• _Exercise requirements_:
Report how many lines in the listing below include the string "each", and write nothing more.

• _Data provided_:
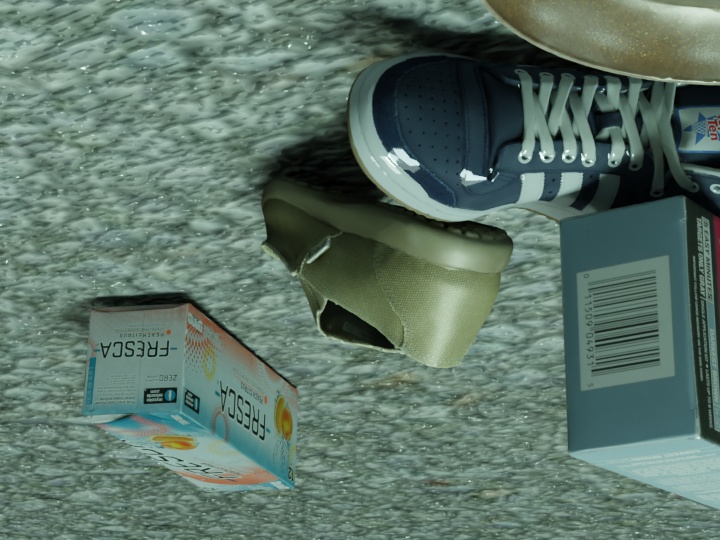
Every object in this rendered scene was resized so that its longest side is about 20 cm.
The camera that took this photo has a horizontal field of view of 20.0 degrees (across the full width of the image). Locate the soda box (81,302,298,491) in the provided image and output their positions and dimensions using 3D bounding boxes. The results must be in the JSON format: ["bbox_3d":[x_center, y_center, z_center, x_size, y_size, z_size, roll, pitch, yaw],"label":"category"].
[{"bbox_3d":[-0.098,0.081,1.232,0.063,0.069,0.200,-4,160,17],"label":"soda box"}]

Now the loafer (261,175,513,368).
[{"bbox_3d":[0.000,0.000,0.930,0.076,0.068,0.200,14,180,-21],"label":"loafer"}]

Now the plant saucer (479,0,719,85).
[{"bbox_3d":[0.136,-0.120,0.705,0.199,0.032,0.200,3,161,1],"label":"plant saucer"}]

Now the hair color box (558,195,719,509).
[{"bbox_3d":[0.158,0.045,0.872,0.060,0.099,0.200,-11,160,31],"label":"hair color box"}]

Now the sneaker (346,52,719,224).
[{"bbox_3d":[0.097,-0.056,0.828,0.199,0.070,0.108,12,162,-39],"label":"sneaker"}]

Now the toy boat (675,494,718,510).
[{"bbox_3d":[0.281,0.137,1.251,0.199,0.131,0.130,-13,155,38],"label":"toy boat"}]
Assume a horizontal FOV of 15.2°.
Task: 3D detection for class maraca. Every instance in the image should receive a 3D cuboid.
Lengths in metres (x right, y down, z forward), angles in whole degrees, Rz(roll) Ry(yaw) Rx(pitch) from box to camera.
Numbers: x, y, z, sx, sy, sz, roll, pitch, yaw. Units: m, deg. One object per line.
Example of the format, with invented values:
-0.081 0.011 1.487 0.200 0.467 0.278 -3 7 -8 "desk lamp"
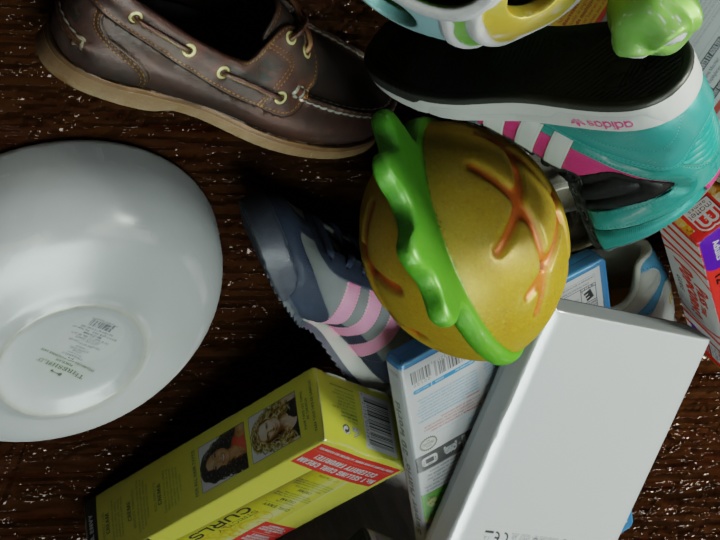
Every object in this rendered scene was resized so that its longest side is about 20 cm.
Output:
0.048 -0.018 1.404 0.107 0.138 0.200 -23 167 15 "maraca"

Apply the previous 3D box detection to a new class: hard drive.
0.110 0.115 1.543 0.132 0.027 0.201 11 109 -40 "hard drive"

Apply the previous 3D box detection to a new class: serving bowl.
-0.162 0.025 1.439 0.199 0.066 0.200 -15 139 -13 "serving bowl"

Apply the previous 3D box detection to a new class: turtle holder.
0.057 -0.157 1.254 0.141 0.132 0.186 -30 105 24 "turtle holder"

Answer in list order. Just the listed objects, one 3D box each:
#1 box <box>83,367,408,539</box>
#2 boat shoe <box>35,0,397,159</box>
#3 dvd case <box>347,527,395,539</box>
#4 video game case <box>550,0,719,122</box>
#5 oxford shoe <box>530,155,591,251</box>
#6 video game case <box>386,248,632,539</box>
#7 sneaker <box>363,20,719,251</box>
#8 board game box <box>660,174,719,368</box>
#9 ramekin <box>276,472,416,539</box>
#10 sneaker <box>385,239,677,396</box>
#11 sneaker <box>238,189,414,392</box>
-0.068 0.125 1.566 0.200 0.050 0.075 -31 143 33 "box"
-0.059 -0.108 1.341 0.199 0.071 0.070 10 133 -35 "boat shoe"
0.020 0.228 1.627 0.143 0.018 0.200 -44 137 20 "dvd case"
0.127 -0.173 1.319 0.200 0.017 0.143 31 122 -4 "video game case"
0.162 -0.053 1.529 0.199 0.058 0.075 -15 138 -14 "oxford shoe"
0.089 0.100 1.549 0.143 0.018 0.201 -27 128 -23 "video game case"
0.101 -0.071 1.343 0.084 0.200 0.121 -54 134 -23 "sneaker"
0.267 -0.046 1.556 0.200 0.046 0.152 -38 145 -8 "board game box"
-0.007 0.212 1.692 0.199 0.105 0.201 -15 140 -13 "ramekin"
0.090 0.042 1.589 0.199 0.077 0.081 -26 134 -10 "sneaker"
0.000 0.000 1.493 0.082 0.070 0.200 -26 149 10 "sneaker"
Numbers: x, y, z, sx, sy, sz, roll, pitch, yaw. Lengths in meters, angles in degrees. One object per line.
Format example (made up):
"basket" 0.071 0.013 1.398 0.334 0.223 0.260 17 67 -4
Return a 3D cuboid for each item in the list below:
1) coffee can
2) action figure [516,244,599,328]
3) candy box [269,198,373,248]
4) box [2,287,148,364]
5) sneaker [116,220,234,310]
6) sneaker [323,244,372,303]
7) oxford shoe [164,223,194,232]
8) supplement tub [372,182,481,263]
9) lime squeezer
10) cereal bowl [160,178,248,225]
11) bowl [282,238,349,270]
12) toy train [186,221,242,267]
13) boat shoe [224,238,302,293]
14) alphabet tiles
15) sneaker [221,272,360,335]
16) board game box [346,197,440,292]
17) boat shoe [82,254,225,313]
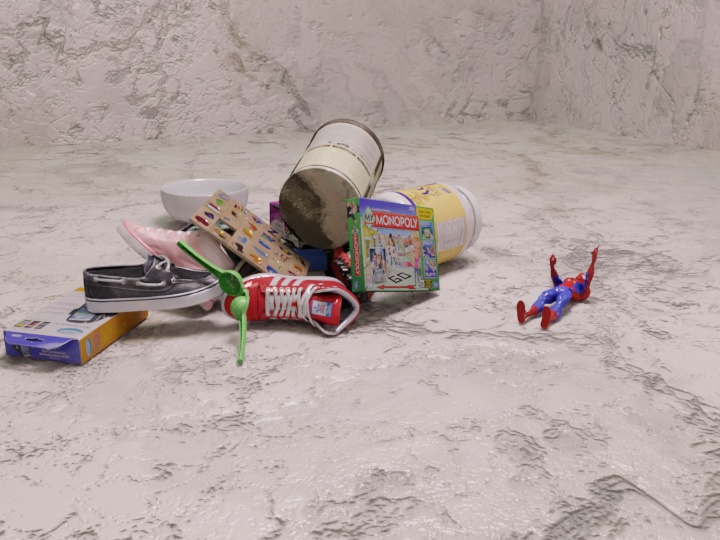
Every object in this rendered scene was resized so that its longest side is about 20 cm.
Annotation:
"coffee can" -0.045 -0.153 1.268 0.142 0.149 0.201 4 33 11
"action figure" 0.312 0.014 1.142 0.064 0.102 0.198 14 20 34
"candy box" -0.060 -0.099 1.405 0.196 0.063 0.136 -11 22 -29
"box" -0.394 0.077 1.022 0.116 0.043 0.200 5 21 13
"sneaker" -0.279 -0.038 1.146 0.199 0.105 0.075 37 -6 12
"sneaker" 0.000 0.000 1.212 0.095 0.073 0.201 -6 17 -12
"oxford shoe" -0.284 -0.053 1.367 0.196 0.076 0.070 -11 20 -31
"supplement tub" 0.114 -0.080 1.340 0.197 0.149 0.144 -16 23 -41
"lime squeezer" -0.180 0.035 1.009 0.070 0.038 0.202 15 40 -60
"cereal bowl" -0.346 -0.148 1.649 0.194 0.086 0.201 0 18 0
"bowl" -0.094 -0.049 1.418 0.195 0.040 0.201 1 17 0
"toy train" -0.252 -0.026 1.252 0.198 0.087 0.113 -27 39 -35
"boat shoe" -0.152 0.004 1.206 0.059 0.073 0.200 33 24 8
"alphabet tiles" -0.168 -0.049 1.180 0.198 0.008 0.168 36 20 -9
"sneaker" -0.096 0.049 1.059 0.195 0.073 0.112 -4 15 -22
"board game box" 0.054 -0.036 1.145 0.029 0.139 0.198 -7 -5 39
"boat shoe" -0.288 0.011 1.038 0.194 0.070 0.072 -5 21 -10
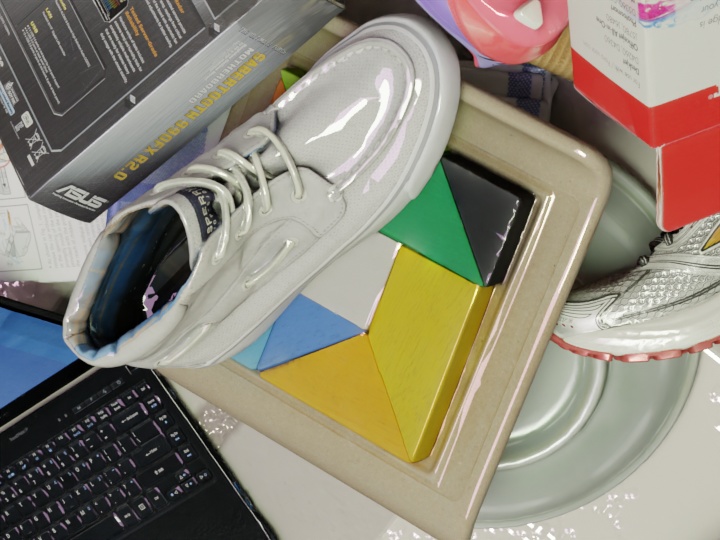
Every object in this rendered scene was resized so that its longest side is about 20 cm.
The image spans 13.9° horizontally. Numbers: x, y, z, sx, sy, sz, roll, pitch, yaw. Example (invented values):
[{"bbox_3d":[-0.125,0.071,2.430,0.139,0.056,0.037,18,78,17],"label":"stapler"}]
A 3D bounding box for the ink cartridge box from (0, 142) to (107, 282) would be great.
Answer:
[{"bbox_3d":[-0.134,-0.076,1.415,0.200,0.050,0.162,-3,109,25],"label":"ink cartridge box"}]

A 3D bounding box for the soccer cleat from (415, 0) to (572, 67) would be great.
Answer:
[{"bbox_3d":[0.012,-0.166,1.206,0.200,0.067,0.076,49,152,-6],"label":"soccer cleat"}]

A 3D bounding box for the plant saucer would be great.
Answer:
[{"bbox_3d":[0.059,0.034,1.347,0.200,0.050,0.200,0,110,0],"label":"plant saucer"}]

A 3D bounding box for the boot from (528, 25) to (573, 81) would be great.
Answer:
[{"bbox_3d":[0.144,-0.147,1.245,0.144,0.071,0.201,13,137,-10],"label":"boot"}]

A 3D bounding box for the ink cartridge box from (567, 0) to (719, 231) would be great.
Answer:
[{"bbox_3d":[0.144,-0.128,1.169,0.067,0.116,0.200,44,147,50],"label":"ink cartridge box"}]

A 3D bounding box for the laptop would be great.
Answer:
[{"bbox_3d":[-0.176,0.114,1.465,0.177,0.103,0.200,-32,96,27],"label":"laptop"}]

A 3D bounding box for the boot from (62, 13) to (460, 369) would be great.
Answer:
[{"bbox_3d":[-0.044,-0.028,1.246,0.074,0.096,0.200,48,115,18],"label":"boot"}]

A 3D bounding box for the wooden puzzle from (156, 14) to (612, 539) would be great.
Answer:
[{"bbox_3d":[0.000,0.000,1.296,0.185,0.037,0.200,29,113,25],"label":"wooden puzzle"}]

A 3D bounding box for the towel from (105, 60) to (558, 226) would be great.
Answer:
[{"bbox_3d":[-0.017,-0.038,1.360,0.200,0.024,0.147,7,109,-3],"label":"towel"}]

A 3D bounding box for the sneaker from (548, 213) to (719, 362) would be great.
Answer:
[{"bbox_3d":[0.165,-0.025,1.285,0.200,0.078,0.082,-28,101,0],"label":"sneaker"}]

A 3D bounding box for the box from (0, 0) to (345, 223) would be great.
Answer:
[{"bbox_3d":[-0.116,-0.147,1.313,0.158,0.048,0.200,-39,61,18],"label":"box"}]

• _Exercise answer_:
2